I love Philippa Gregory -- guilty pleasure -- but this was not my favorite. Most of her books have a consistent narrative and narrator, but this one jumped quite a lot among characters, to the extent that I didn't get a good feel for any of them. The portrayal of Elizabeth was somewhat uncharitable, which is a surprise given how charitable Gregory usually is with her characters. It think it all goes back to the narration. Still, it was well-researched, enjoyable, and hard to put down.

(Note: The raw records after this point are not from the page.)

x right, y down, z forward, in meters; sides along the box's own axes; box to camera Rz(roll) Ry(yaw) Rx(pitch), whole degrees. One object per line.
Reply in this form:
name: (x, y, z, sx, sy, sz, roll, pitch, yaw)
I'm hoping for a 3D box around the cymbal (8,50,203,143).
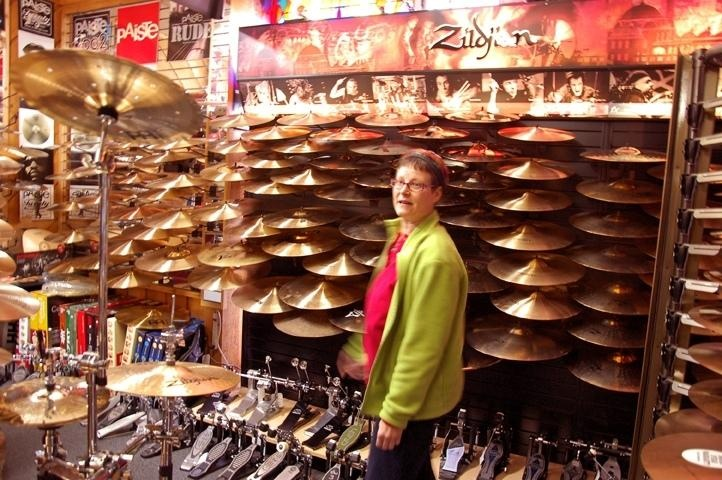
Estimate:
cymbal: (-1.226, -0.697, 2.602, 0.663, 0.127, 0.611, -16, -32, 32)
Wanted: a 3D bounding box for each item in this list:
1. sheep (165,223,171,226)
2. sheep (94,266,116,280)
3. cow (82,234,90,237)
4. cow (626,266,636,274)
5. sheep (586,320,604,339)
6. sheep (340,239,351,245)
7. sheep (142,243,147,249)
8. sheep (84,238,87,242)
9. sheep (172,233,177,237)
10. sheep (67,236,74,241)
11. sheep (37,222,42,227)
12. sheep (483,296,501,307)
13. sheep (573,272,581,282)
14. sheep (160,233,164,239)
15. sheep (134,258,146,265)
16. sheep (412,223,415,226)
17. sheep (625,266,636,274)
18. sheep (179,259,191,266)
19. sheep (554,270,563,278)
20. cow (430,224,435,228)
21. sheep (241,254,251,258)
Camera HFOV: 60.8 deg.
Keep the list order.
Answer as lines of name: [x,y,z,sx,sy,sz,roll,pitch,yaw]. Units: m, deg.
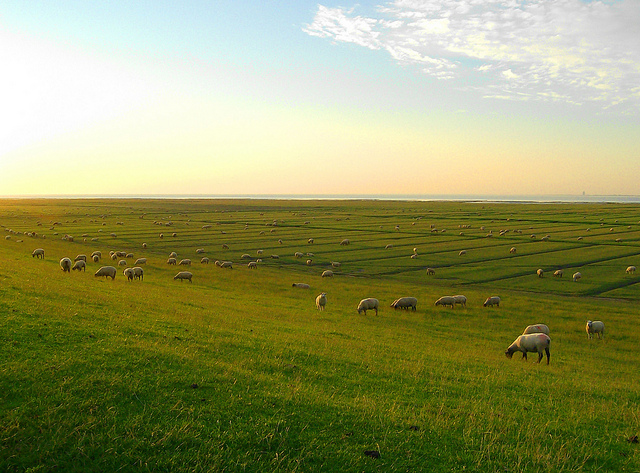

Elizabeth the First was amazing in dodging the slings and arrows of treacherous politics in the 16 century. Trapped in a female body, shaped by the twists of fate that brought her to the throne, she was manipulative and knew how to use her minions to the best advantage. However clever she was to insulate herself from the "press" of her day, she did have a human side and that female was head over heels in love with a married man. Perhaps, that was in a perverse way the attraction- wanting the impossible- for I think Elizabeth loved the throne of England more than anything else in the world. Gregory's tale bring one more theory into the death of Dudley's wife, one of those unanswered mysteries that have left more questions than answers over the years. Humanizing the other woman- we see the triangle, the possible political fallout and the alleged conspiracy to prevent Dudley access to the throne. Do I believe in the scullduggery- yes. Could it have happened the way Gregory supposes. I could see it. Power hung in the balance, the throne a heartbeat from Elizabeth's lover- one mere woman's life becomes a footnote to the power behind the throne.